The result, as I understand it, is that hospitals and providers are forced to recover costs incurred accepting Medicaid and, to a lesser extent, Medicare patients by increasing rates or more aggressively billing private insurance, making the much higher prices that privately insured Americans pay being a de facto subsidy of the the two largest public systems. Is this an accurate description, or an oversimplification?
All of that said, if you total up all the spending – Medicare, Medicaid, the VA, Tricare, Federal Employees, Tribal Healthcare, and all the other stuff that can be considered “publicly funded” – and add it to the amount spent on private healthcare, premiums and co pays and out of pocket, we are still paying way more of our GDP for significantly shittier outcomes, correct?
Sorry if I’m not making sense, I just really want to make sure I have this straight, and it’s complicated.
Bob Hertz
Expanding Medicare down to age 60 sounds good at first, but the budget results are daunting.

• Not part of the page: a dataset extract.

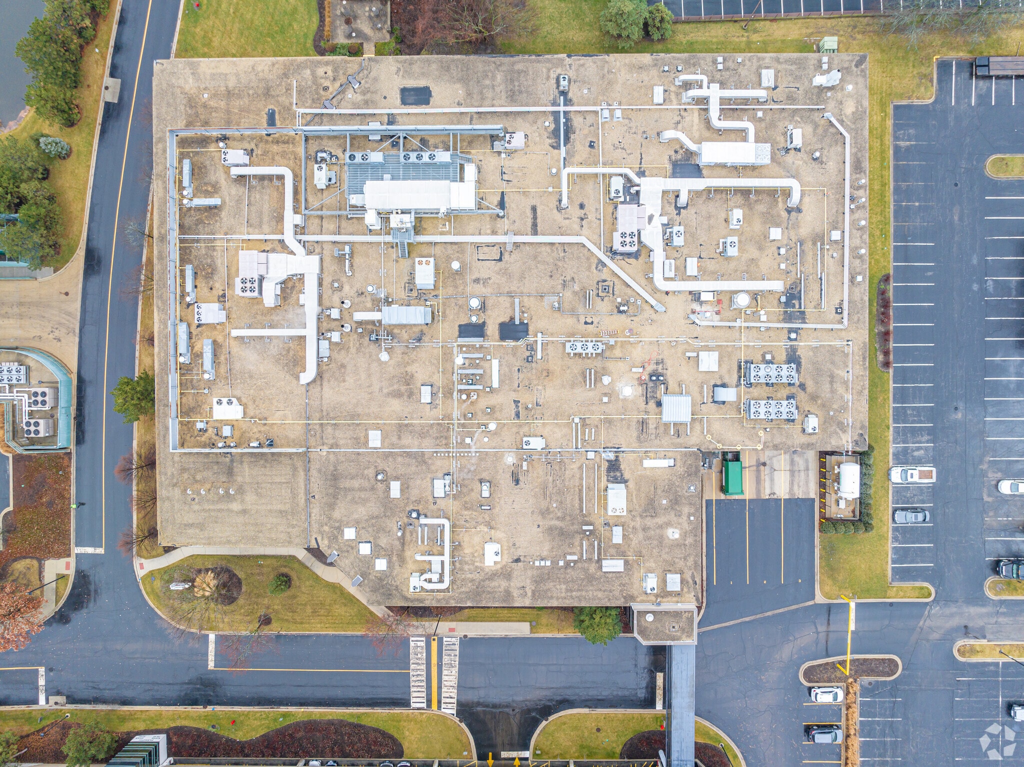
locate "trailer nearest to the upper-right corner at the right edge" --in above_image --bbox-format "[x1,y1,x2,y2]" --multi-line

There are about 20 million persons in this five year age bracket. One can surely debate how much they would cost on Medicare, but at $10,000 per covered life the federal budget hit would be $200 billion a year.
Corporations with older employees would receive a lot of financial relief if this happened — but there is no politically feasible way for the government to recapture those savings.
One small quibble, Dave:
Medicare does not get low rates because of its “great mass of demand.” Medicare just publishes rates and providers work around them. There are no mass bargaining sessions.